Goal of the exercise: A bare number is all that is needed: how many lines below contain the string "import"?

Stored entries:
*** Block opens ***
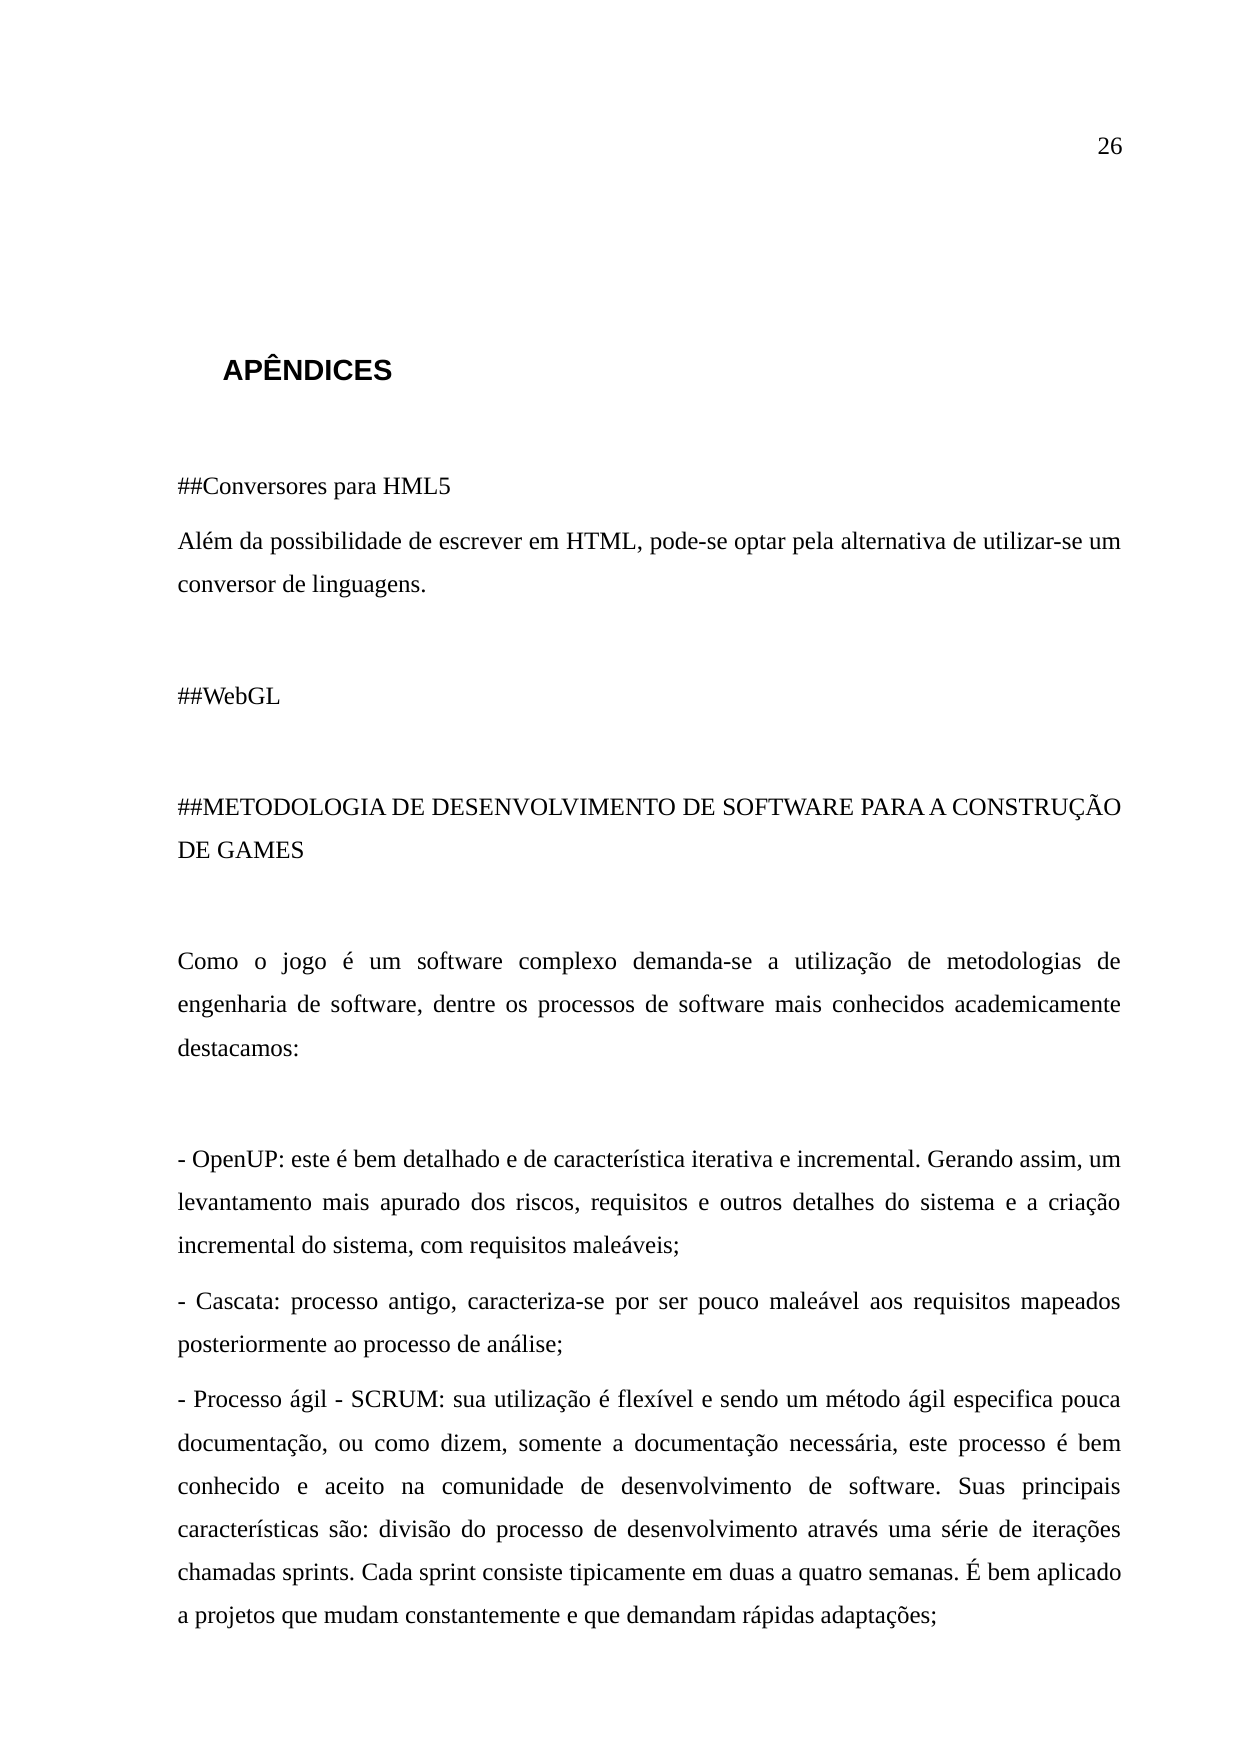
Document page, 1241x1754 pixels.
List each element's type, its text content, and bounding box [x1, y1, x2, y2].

text ##WebGL [177, 681, 1122, 709]
subtitle APÊNDICES [177, 353, 1122, 386]
text Além da possibilidade de escrever em HTML, pode-se optar pela alternativa de utilizar-se um conversor de linguagens. [177, 526, 1122, 598]
text - Processo ágil - SCRUM: sua utilização é flexível e sendo um método ágil especifica pouca documentação, ou como dizem, somente a documentação necessária, este processo é bem conhecido e aceito na comunidade de desenvolvimento de software. Suas principais características são: divisão do processo de desenvolvimento através uma série de iterações chamadas sprints. Cada sprint consiste tipicamente em duas a quatro semanas. É bem aplicado a projetos que mudam constantemente e que demandam rápidas adaptações; [177, 1384, 1122, 1629]
text - Cascata: processo antigo, caracteriza-se por ser pouco maleável aos requisitos mapeados posteriormente ao processo de análise; [177, 1286, 1122, 1358]
text - OpenUP: este é bem detalhado e de característica iterativa e incremental. Gerando assim, um levantamento mais apurado dos riscos, requisitos e outros detalhes do sistema e a criação incremental do sistema, com requisitos maleáveis; [177, 1144, 1122, 1259]
text Como o jogo é um software complexo demanda-se a utilização de metodologias de engenharia de software, dentre os processos de software mais conhecidos academicamente destacamos: [177, 946, 1122, 1061]
text ##Conversores para HML5 [177, 471, 1122, 499]
text ##METODOLOGIA DE DESENVOLVIMENTO DE SOFTWARE PARA A CONSTRUÇÃO DE GAMES [177, 792, 1122, 864]
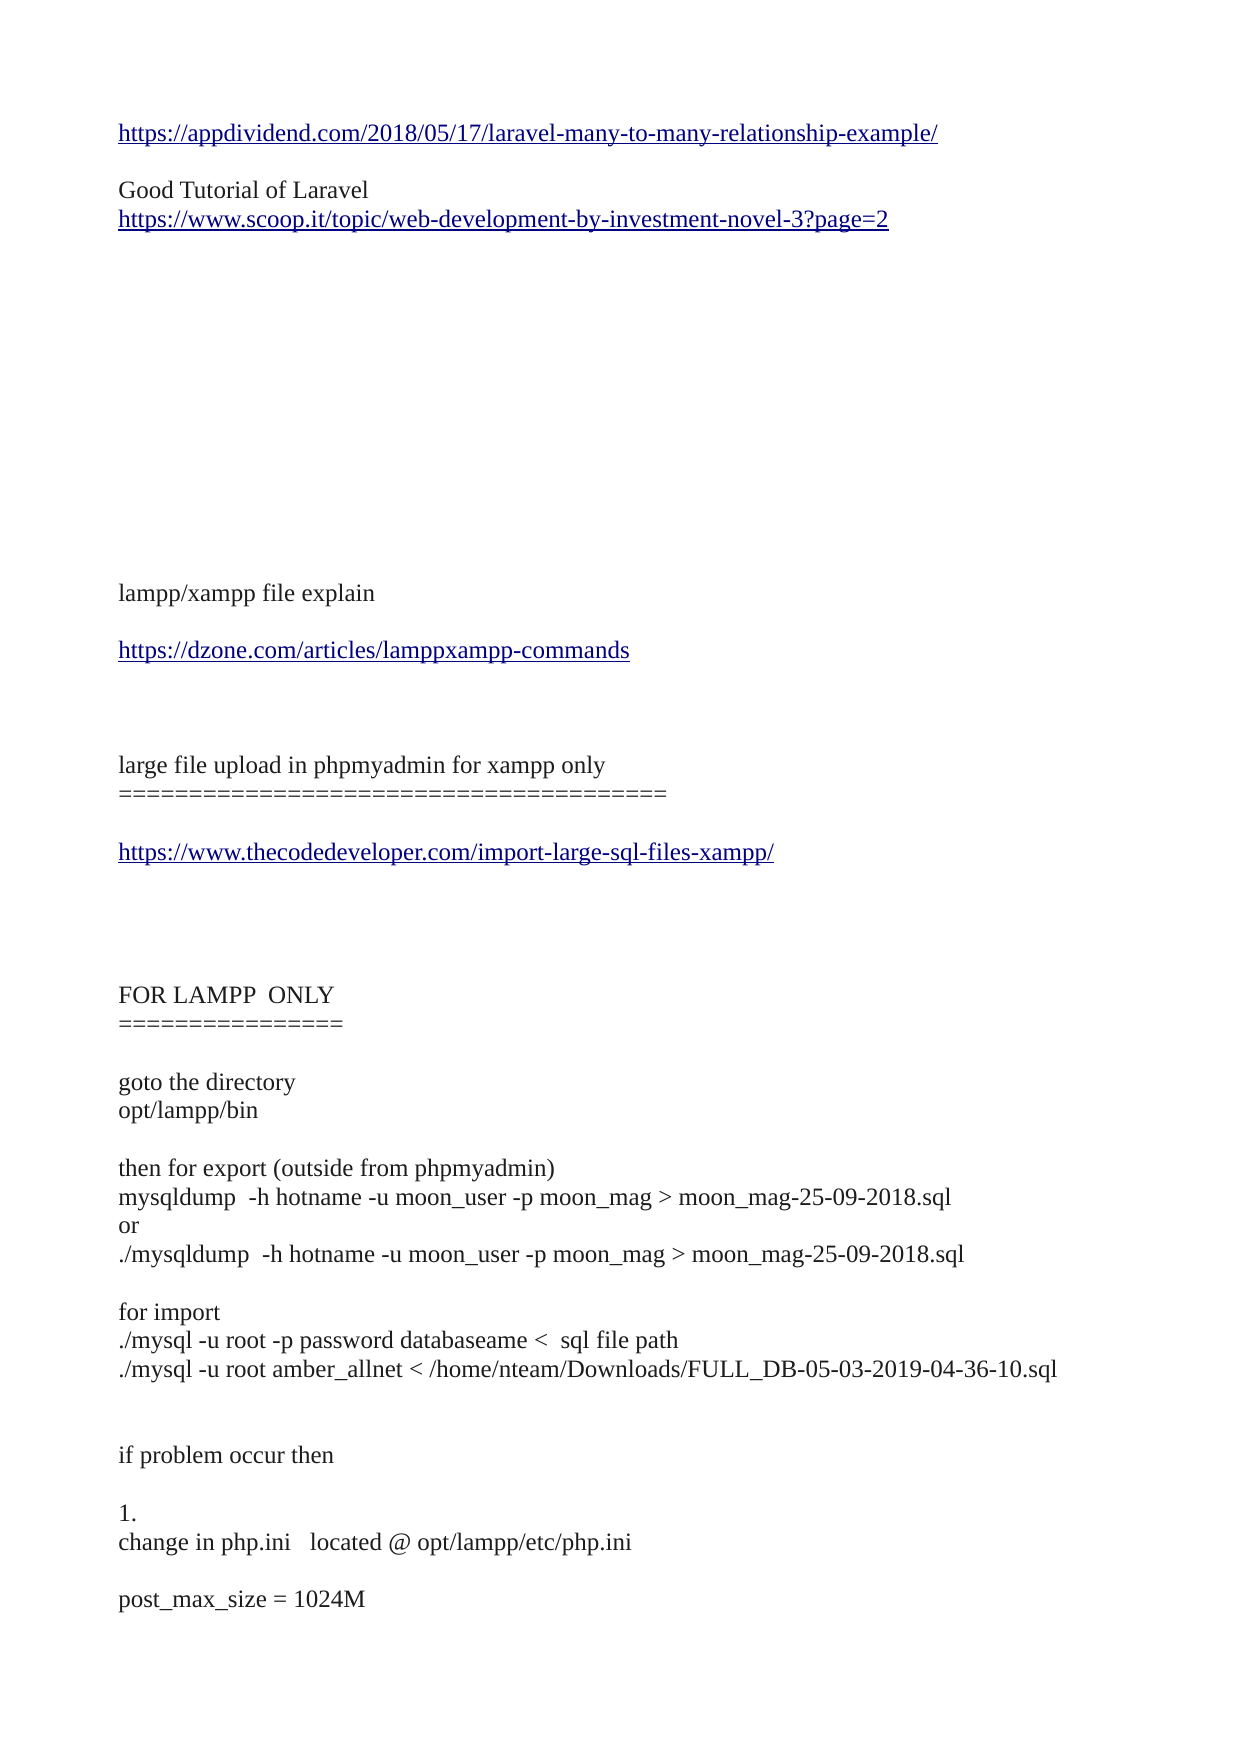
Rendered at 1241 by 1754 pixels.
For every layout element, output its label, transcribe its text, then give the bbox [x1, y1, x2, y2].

text https://www.thecodedeveloper.com/import-large-sql-files-xampp/ [118, 837, 1122, 866]
text goto the directory [118, 1067, 1122, 1096]
text https://dzone.com/articles/lamppxampp-commands [118, 636, 1122, 664]
text then for export (outside from phpmyadmin) [118, 1153, 1122, 1182]
text FOR LAMPP ONLY [118, 981, 1122, 1009]
text 1. [118, 1498, 1122, 1527]
text https://www.scoop.it/topic/web-development-by-investment-novel-3?page=2 [118, 204, 1122, 233]
text or [118, 1211, 1122, 1239]
text change in php.ini located @ opt/lampp/etc/php.ini [118, 1527, 1122, 1556]
text lampp/xampp file explain [118, 578, 1122, 607]
text large file upload in phpmyadmin for xampp only [118, 751, 1122, 779]
text ./mysql -u root -p password databaseame < sql file path [118, 1326, 1122, 1354]
text opt/lampp/bin [118, 1096, 1122, 1124]
text if problem occur then [118, 1441, 1122, 1469]
text Good Tutorial of Laravel [118, 176, 1122, 204]
text post_max_size = 1024M [118, 1584, 1122, 1613]
text ======================================= [118, 779, 1122, 808]
text mysqldump -h hotname -u moon_user -p moon_mag > moon_mag-25-09-2018.sql [118, 1182, 1122, 1211]
text ================ [118, 1009, 1122, 1038]
text ./mysql -u root amber_allnet < /home/nteam/Downloads/FULL_DB-05-03-2019-04-36-10.sql [118, 1354, 1122, 1383]
text https://appdividend.com/2018/05/17/laravel-many-to-many-relationship-example/ [118, 118, 1122, 147]
text ./mysqldump -h hotname -u moon_user -p moon_mag > moon_mag-25-09-2018.sql [118, 1239, 1122, 1268]
text for import [118, 1297, 1122, 1326]
*** Block closes ***
Response area: 2